Andy Little wrote:
I am talking about usefulness. In what practical situation is promotion_traits likely to be used? Put it another way. What is the rationale for promotion_traits?
1. to reduce number of instantiations in template code. For example: enum bits { bit1 = 1, bit2 = 2 }; lexical_cast<double>(bit1); lexical_cast<double>(bit1|bit2); produces 2 instantiantions of lexical_cast and 2 instantiantions of detail::lexical_stream. In general, this number is proportional to a number of enums used. If lexical_cast were to apply integral_promotion, this could reduce number of instantiantions of lexical_stream to one. 2. to find a type that can hold all values of enum type. This technique can be used in langbinding to make sure that all C++ enum values are mapped without truncation. 3. to use in other metafunctions like arithmetic_convertion_traits and to provide a solution for (_1 | _2)(bit1, bit2) lambda expression.
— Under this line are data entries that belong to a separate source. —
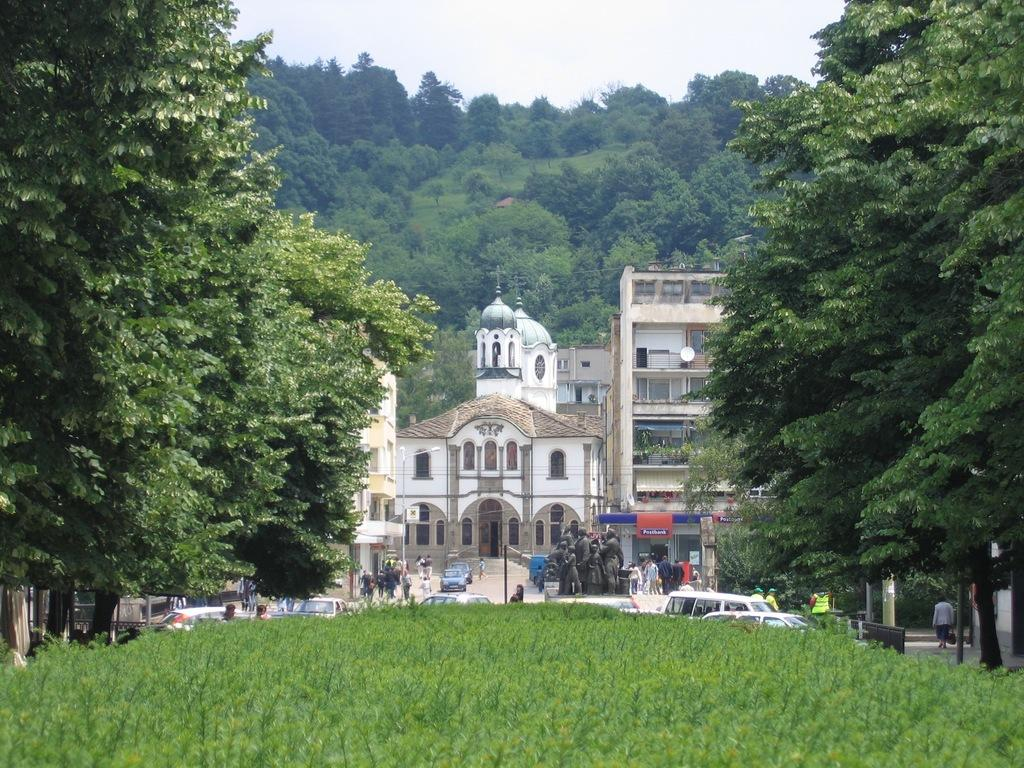What type of living organisms can be seen in the image? Plants and trees are visible in the image. What can be seen on the path in the image? There are vehicles on a path in the image. What type of gathering can be observed in the image? There are groups of people in the image. What structures are visible behind the people in the image? There are buildings behind the people in the image. What additional features are present in the image? There are statues in the image. What type of natural feature is present in the image? There is a hill in the image. What is visible in the sky in the image? The sky is visible in the image. What is the value of the sun in the image? There is no mention of the sun in the image, and therefore no value can be assigned to it. What type of army is present in the image? There is no army present in the image. 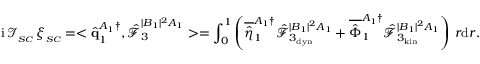<formula> <loc_0><loc_0><loc_500><loc_500>i \, \mathcal { I } _ { _ { S C } } \, \xi _ { _ { S C } } = < \hat { q } _ { 1 } ^ { A _ { 1 } \dagger } , \hat { \mathcal { F } } _ { 3 } ^ { | B _ { 1 } | ^ { 2 } A _ { 1 } } > = \int _ { 0 } ^ { 1 } \left ( \overline { { \hat { \eta } } } _ { 1 } ^ { A _ { 1 } \dagger } \hat { \mathcal { F } } _ { 3 _ { d y n } } ^ { | B _ { 1 } | ^ { 2 } A _ { 1 } } + \overline { { \hat { \Phi } } } _ { 1 } ^ { A _ { 1 } \dagger } \hat { \mathcal { F } } _ { 3 _ { k i n } } ^ { | B _ { 1 } | ^ { 2 } A _ { 1 } } \right ) \, r d r .</formula> 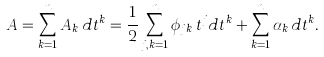Convert formula to latex. <formula><loc_0><loc_0><loc_500><loc_500>A = \sum _ { k = 1 } ^ { n } A _ { k } \, d t ^ { k } = \frac { 1 } { 2 } \sum _ { j , k = 1 } ^ { n } \phi _ { j k } \, t ^ { j } d t ^ { k } + \sum _ { k = 1 } ^ { n } \alpha _ { k } \, d t ^ { k } .</formula> 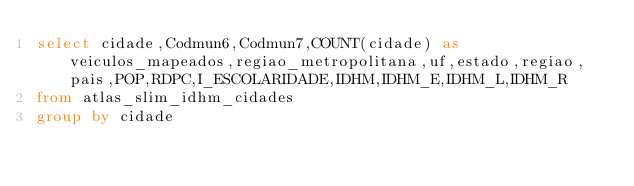<code> <loc_0><loc_0><loc_500><loc_500><_SQL_>select cidade,Codmun6,Codmun7,COUNT(cidade) as veiculos_mapeados,regiao_metropolitana,uf,estado,regiao,pais,POP,RDPC,I_ESCOLARIDADE,IDHM,IDHM_E,IDHM_L,IDHM_R
from atlas_slim_idhm_cidades
group by cidade</code> 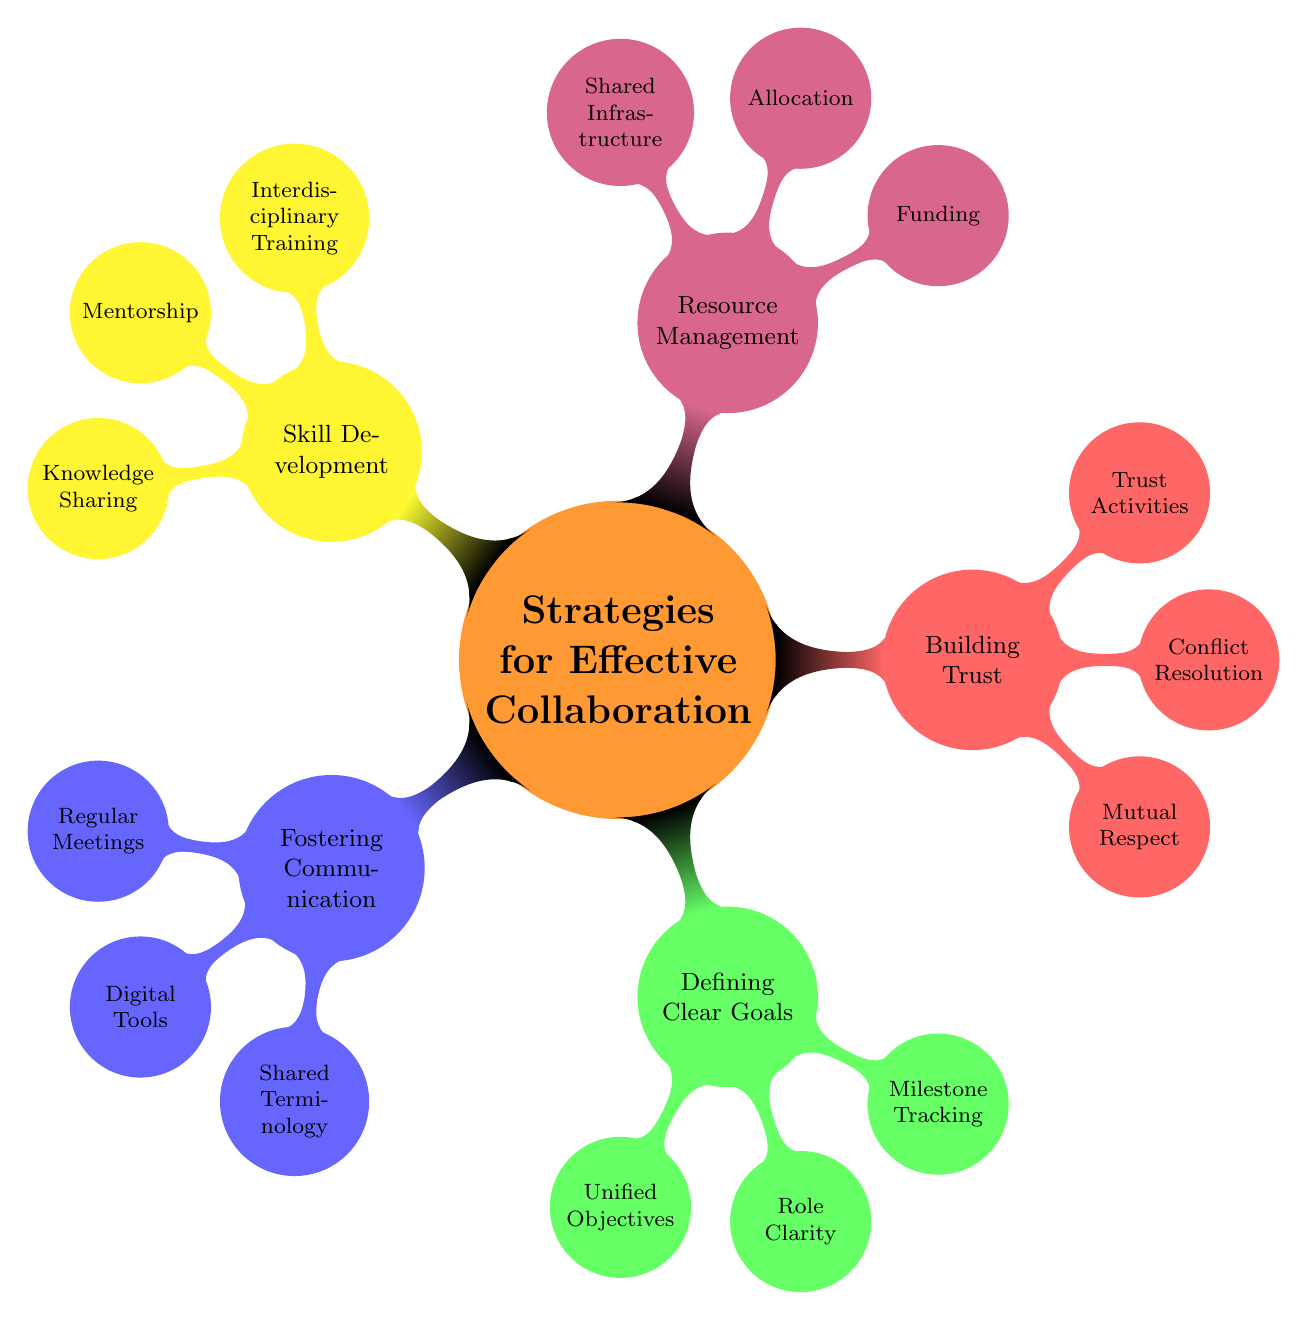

IMO All this has recently been superceded by Boost.Typeof.
Only native mode of Boost.Typeof can compete with hand-made integral_promotion or arithmetic_convertion_traits. Emulation is too complex and require registration of every enum type. Even in native mode you would need more then typeof(+T()) simply because this expression is not valid for some types. You should write is_subject_to_integral_promotion<T> metafunction and use eval_if.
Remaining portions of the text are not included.